1. Bedensel Zararlar: Bu tabii olmayan amel beş duyu organıyla yakın bir ilişki içinde olması açısından, birinci derecede göz ve kulağı etkiler; yani gözü zayıflatır ve duyma duyusunu da dikkate değer bir ölçüde faaliyetten alıkoyar. Sürmesi durumunda bu amel baş dönmesine ve kulakta anormal seslerin duyulmasına neden olur.
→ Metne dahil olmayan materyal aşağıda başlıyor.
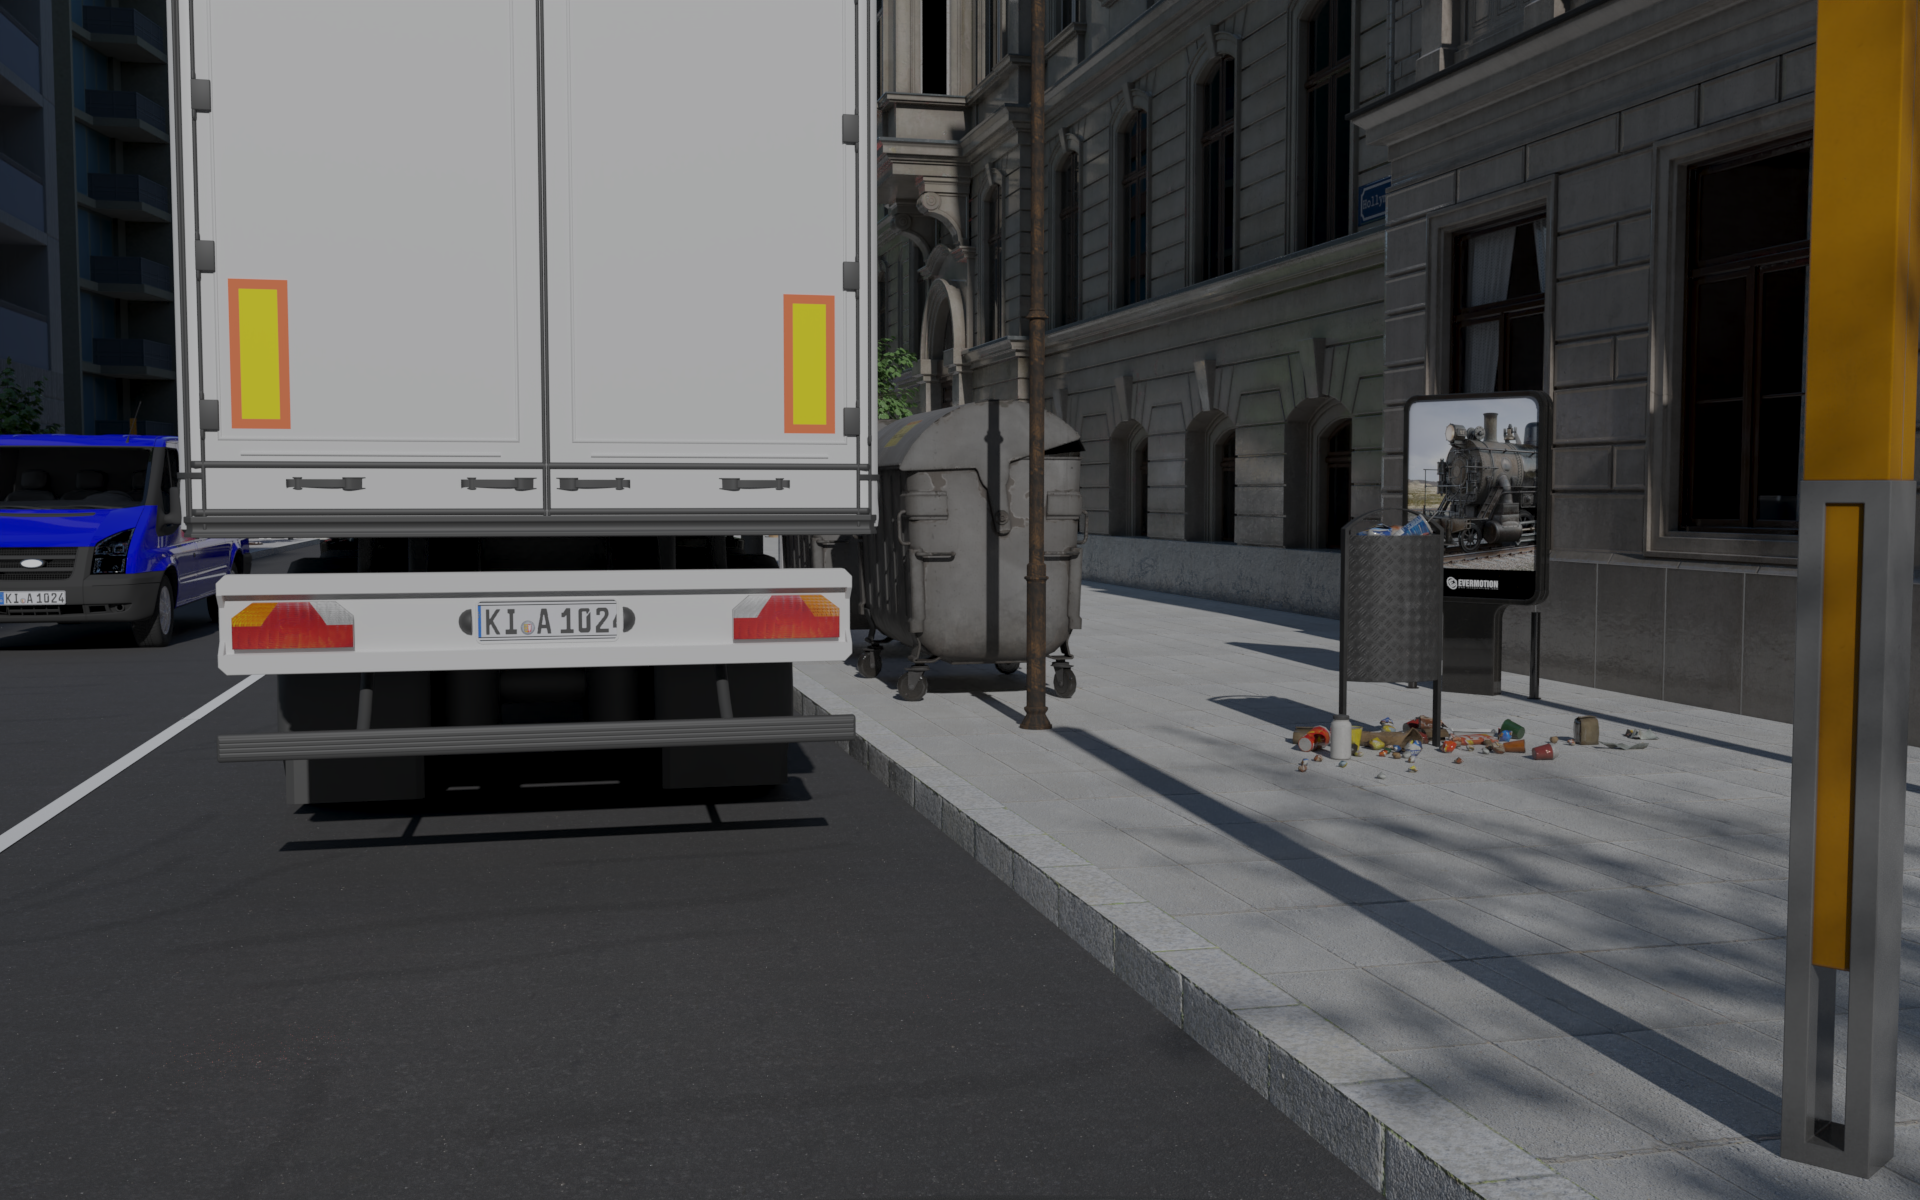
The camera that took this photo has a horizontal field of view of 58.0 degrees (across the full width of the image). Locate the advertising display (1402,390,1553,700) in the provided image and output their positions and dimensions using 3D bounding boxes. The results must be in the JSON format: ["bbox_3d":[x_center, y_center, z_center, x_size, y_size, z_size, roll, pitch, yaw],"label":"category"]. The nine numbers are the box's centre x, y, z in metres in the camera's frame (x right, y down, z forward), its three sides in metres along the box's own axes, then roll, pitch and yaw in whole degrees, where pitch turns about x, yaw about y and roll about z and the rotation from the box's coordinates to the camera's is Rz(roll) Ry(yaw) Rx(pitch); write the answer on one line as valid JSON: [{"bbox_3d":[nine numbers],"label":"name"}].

Bedensel güçlerin zayıflaması, bedendeki kanın azalması, rengin solması, zayıflık, tahammülün azalması, iştahsızlık ve diğer birçok bedensel tehlikeli hastalıklar mastürbasyonun neticelerindendir.
2. Ruhsal Ve Psikolojik Zararlar: Istırap ve içlenme mastürbasyona müptela olmuş şahsı sürekli rahatsız eden hususlardandır. Karmaşık fikirler ve düşünsel ikircik her zaman bu tür bireyleri kuşatır. Depresyon, duyarsız olmak, mutsuzluk, inziva, ahlaksızlık, saldırganlık, tahsil ve okumaya meyilli olmamak, yaratıcılığın yok olması, yeteneklerin bastırılması, irade zayıflığı, günah işleme duygusu ve başka birçok tehlikeli hasar bu hastalığın neticelerindendir. Daha fazla bilgi edinmek için 10010. yanıta (site: 9972) ve Civanan Çıra… gibi ilgili kitaplara müracaat edebilirsiniz.[6]
[1] Mekarim Şirazi, Tevzihü’l-Mesail-i Meraci’, c. 1, s. 90, mesele. 116.
[2] a.g.e. s. 91.
[3] Şeyh Saduk, Hisal, Tercüme-i Fehri, c.. 2, s. 417, Camia-i Müderrisin, Kum, 1362 ş.
[4] Danışcu, Cıvanan Çıra, s. 132, Peyam-i İslam, Kum, 1368 ş.
[5] Şeyh Saduk, Hisal, c. 1, s. 120, İntişarat-ı İlmiye-i İslamiye, çap-ı evvel, Tahran.
[6] Danışcu, Cıvanan Çıra, s. 69, Peyam-i İslam, Kum, 1368 ş.